TL;DR
SILO-BENCH is a comprehensive benchmark testing multi-agent LLM systems' ability to coordinate and synthesize distributed information, revealing a fundamental reasoning gap that worsens with scale.
Contribution
Introduces SILO-BENCH, a novel benchmark with 30 tasks across communication levels, exposing coordination and reasoning limitations in multi-agent LLM systems.
Findings
Agents form task-appropriate topologies and exchange info effectively.
Fail to synthesize distributed info into correct answers during reasoning.

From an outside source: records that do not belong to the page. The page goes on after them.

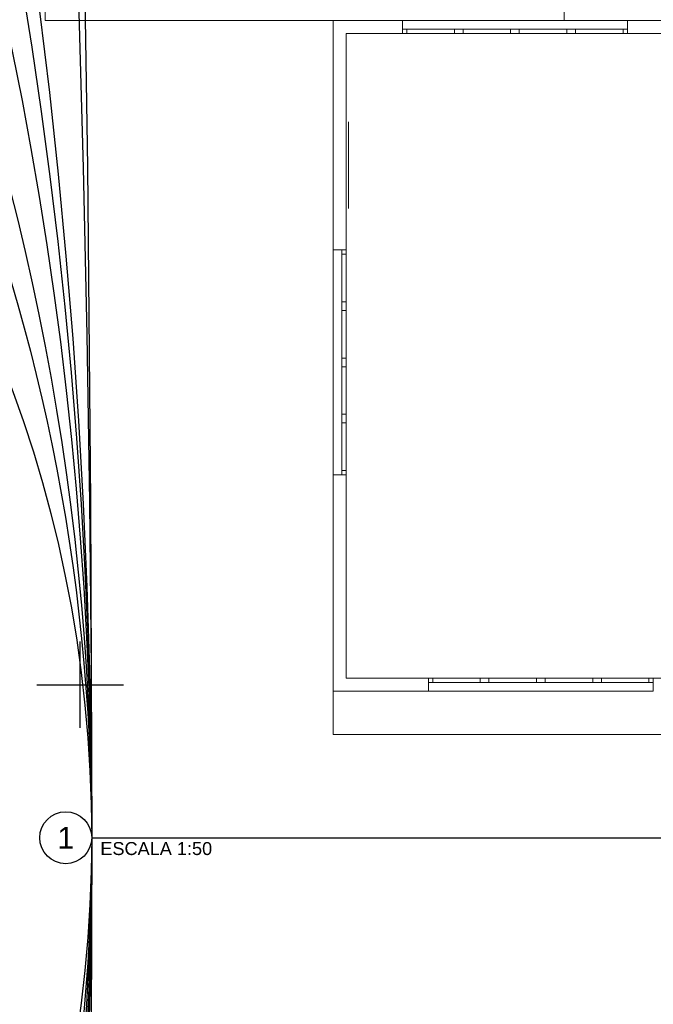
# Model space of a CAD drawing. Header units: millimetres. Extents: x -27714 to -5776, y 5810 to 9208.
# Tile 186 of 256: x -25314 to -25300, y 7075 to 7098. Entities that reach past the tile are written whole.
import ezdxf
from ezdxf.enums import TextEntityAlignment as Align

# ---------------------------------------------------------------- set-up
doc = ezdxf.new("R2010")
doc.units = ezdxf.units.MM
for name, color, linetype in [('TEXTO', 7, 'Continuous'), ('TEXTO @ 0.1', 7, 'Continuous'), ('TEXTO @ 10 (1)', 7, 'Continuous'), ('TEXTO @ 10 (2)', 7, 'Continuous'), ('TEXTO @ 100', 7, 'Continuous'), ('TEXTO @ 15', 7, 'Continuous'), ('TEXTO @ 20', 7, 'Continuous'), ('TEXTO @ 200', 7, 'Continuous'), ('TEXTO @ 25', 7, 'Continuous'), ('TEXTO @ 5', 7, 'Continuous'), ('TEXTO @ 7.5', 7, 'Continuous')]:
    doc.layers.add(name, color=color, linetype=linetype)
doc.styles.add('3', font='arial.ttf', dxfattribs={"height": 3})
doc.styles.add('5', font='arial.ttf', dxfattribs={"height": 5})

# ---------------------------------------------------------------- blocks, each defined once
blk = doc.blocks.new('SIMBOLO NOMENCLATURA')
at = {"linetype": 'Continuous'}
blk.add_line((0, 0), (250, 0), dxfattribs=at)
blk.add_circle((-30, 0), 30, dxfattribs=at)
blk = doc.blocks.new('*U151')
at = {"layer": 'TEXTO @ 0.1', "linetype": 'Continuous', "xscale": 0.02, "yscale": 0.02, "zscale": 0.02}
blk.add_blockref('SIMBOLO NOMENCLATURA', (-25312.564, 7079.25), dxfattribs=at)
at = {"layer": 'TEXTO @ 10 (1)', "linetype": 'Continuous', "xscale": 2, "yscale": 2, "zscale": 2}
blk.add_blockref('SIMBOLO NOMENCLATURA', (-25312.564, 7079.25), dxfattribs=at)
at = {"layer": 'TEXTO @ 10 (2)', "linetype": 'Continuous', "xscale": 2, "yscale": 2, "zscale": 2}
blk.add_blockref('SIMBOLO NOMENCLATURA', (-25312.564, 7079.25), dxfattribs=at)
at = {"layer": 'TEXTO @ 100', "linetype": 'Continuous', "xscale": 20, "yscale": 20, "zscale": 20}
blk.add_blockref('SIMBOLO NOMENCLATURA', (-25312.564, 7079.25), dxfattribs=at)
at = {"layer": 'TEXTO @ 15', "linetype": 'Continuous', "xscale": 3, "yscale": 3, "zscale": 3}
blk.add_blockref('SIMBOLO NOMENCLATURA', (-25312.564, 7079.25), dxfattribs=at)
at = {"layer": 'TEXTO @ 20', "linetype": 'Continuous', "xscale": 4, "yscale": 4, "zscale": 4}
blk.add_blockref('SIMBOLO NOMENCLATURA', (-25312.564, 7079.25), dxfattribs=at)
at = {"layer": 'TEXTO @ 200', "linetype": 'Continuous', "xscale": 40, "yscale": 40, "zscale": 40}
blk.add_blockref('SIMBOLO NOMENCLATURA', (-25312.564, 7079.25), dxfattribs=at)
at = {"layer": 'TEXTO @ 25', "linetype": 'Continuous', "xscale": 5, "yscale": 5, "zscale": 5}
blk.add_blockref('SIMBOLO NOMENCLATURA', (-25312.564, 7079.25), dxfattribs=at)
at = {"layer": 'TEXTO @ 5', "linetype": 'Continuous'}
blk.add_blockref('SIMBOLO NOMENCLATURA', (-25312.564, 7079.25), dxfattribs=at)
at = {"layer": 'TEXTO @ 7.5', "linetype": 'Continuous', "xscale": 1.5, "yscale": 1.5, "zscale": 1.5}
blk.add_blockref('SIMBOLO NOMENCLATURA', (-25312.564, 7079.25), dxfattribs=at)
blk = doc.blocks.new('*U153')
at = {"layer": 'TEXTO @ 0.1', "style": '3'}
blk.add_text('ESCALA 1:50', height=0.3, dxfattribs=at).set_placement((-25312.364, 7078.85))
blk = doc.blocks.new('*U154')
at = {"layer": 'TEXTO @ 0.1', "style": '5'}
blk.add_text('1', height=0.5, dxfattribs=at).set_placement((-25313.164, 7079.25), align=Align.MIDDLE_CENTER)
blk = doc.blocks.new('*U155')
at = {"layer": 'TEXTO @ 200', "linetype": 'Continuous', "xscale": 40, "yscale": 40, "zscale": 40}
blk.add_blockref('SIMBOLO NOMENCLATURA', (-23654.527, 7584.979), dxfattribs=at)
blk = doc.blocks.new('*U159')
at = {"layer": 'TEXTO @ 200', "linetype": 'Continuous', "xscale": 40, "yscale": 40, "zscale": 40}
blk.add_blockref('SIMBOLO NOMENCLATURA', (-23783.068, 7189.489), dxfattribs=at)

msp = doc.modelspace()

# ---------------------------------------------------------------- linework, layer by layer
at = {"color": 7, "linetype": 'Continuous', "lineweight": 0}
for p, q in [((-25301.6412, 7098.137), (-25313.6412, 7098.137)), ((-25306.9793, 7098.137), (-25306.9793, 7082.637)), ((-25305.3784, 7097.837), (-25305.3784, 7098.137)), ((-25297.0948, 7098.137), (-25305.3784, 7098.137)), ((-25305.3784, 7097.837), (-25305.3784, 7098.137)), ((-25305.3784, 7097.937), (-25300.1784, 7097.937)), ((-25305.2784, 7097.937), (-25305.2784, 7097.837)), ((-25304.1784, 7097.837), (-25304.1784, 7097.937)), ((-25303.9784, 7097.937), (-25303.9784, 7097.837)), ((-25302.8784, 7097.837), (-25302.8784, 7097.937)), ((-25302.6784, 7097.937), (-25302.6784, 7097.837)), ((-25301.5784, 7097.837), (-25301.5784, 7097.937)), ((-25301.3784, 7097.937), (-25301.3784, 7097.837)), ((-25300.2784, 7097.837), (-25300.2784, 7097.937)), ((-25300.1784, 7097.837), (-25300.1784, 7098.137)), ((-25300.1784, 7097.837), (-25300.1784, 7098.137)), ((-25306.6278, 7095.7925), (-25306.6278, 7093.7925)), ((-25306.6793, 7092.837), (-25306.9793, 7092.837)), ((-25306.6793, 7092.837), (-25306.9793, 7092.837)), ((-25306.7793, 7087.637), (-25306.7793, 7092.837)), ((-25306.6793, 7092.737), (-25306.7793, 7092.737)), ((-25306.7793, 7091.637), (-25306.6793, 7091.637)), ((-25306.6793, 7091.437), (-25306.7793, 7091.437)), ((-25306.7793, 7090.337), (-25306.6793, 7090.337)), ((-25306.6793, 7090.2897), (-25306.6793, 7088.9897)), ((-25306.6793, 7090.137), (-25306.7793, 7090.137)), ((-25306.7793, 7089.037), (-25306.6793, 7089.037)), ((-25306.6793, 7088.837), (-25306.7793, 7088.837)), ((-25306.7793, 7087.737), (-25306.6793, 7087.737)), ((-25306.6793, 7087.637), (-25306.9793, 7087.637)), ((-25306.6793, 7087.637), (-25306.9793, 7087.637)), ((-25297.6793, 7082.937), (-25306.6793, 7082.937)), ((-25304.7793, 7082.937), (-25304.7793, 7082.637)), ((-25304.7793, 7082.937), (-25304.7793, 7082.637)), ((-25304.6793, 7082.937), (-25304.6793, 7082.837)), ((-25303.5793, 7082.837), (-25303.5793, 7082.937)), ((-25303.3793, 7082.937), (-25303.3793, 7082.837)), ((-25302.2793, 7082.837), (-25302.2793, 7082.937)), ((-25302.0793, 7082.937), (-25302.0793, 7082.837)), ((-25300.9793, 7082.837), (-25300.9793, 7082.937)), ((-25300.7793, 7082.937), (-25300.7793, 7082.837)), ((-25299.6793, 7082.837), (-25299.6793, 7082.937)), ((-25299.5793, 7082.937), (-25299.5793, 7082.637)), ((-25299.5793, 7082.937), (-25299.5793, 7082.637)), ((-25299.5793, 7082.837), (-25304.7793, 7082.837))]:
    msp.add_line(p, q, dxfattribs=at)
for p, q in [((-25312.8293, 7081.787), (-25312.8293, 7083.787)), ((-25313.8293, 7082.787), (-25311.8293, 7082.787))]:
    msp.add_line(p, q)
for points in [[(-25313.6412, 7098.137), (-25313.6412, 7102.037)], [(-25301.6412, 7102.037), (-25301.6412, 7098.137)], [(-25305.3784, 7098.137), (-25306.9793, 7098.137)], [(-25306.6793, 7097.837), (-25300.1784, 7097.837)], [(-25306.6793, 7082.937), (-25306.6793, 7097.837)], [(-25300.1784, 7097.837), (-25297.6793, 7097.837)], [(-25306.9793, 7082.637), (-25299.5793, 7082.637)], [(-25230.7793, 7082.637), (-25230.7793, 7081.637), (-25306.9793, 7081.637), (-25306.9793, 7082.637)]]:
    msp.add_lwpolyline(points, dxfattribs=at)
at = {"color": 83, "linetype": 'Continuous', "lineweight": 0}
msp.add_lwpolyline([(-25306.6793, 7097.837), (-25306.6793, 7082.937), (-25297.6793, 7082.937), (-25297.6793, 7097.837)], close=True, dxfattribs=at)

# ---------------------------------------------------------------- block references
at = {"layer": 'TEXTO'}
for name in ['*U155', '*U159', '*U151', '*U154', '*U153']:
    msp.add_blockref(name, (0, 0), dxfattribs=at)

doc.saveas('drawing.dxf')

Coordination overhead increases with scale, negating parallelization benefits.
Abstract
Large language models are increasingly deployed in multi-agent systems to overcome context limitations by distributing information across agents. Yet whether agents can reliably compute with distributed information, rather than merely exchange it, remains an open question. We introduce SILO-BENCH, a role-agnostic benchmark of 30 algorithmic tasks across three communication complexity levels, evaluating 54 configurations over 1,620 experiments. Our experiments expose a fundamental Communication-Reasoning Gap: agents spontaneously form task-appropriate coordination topologies and exchange information actively, yet systematically fail to synthesize distributed state into correct answers. The failure is localized to the reasoning-integration stage where agents often acquire sufficient information but cannot integrate it. This coordination overhead compounds with scale, eventually…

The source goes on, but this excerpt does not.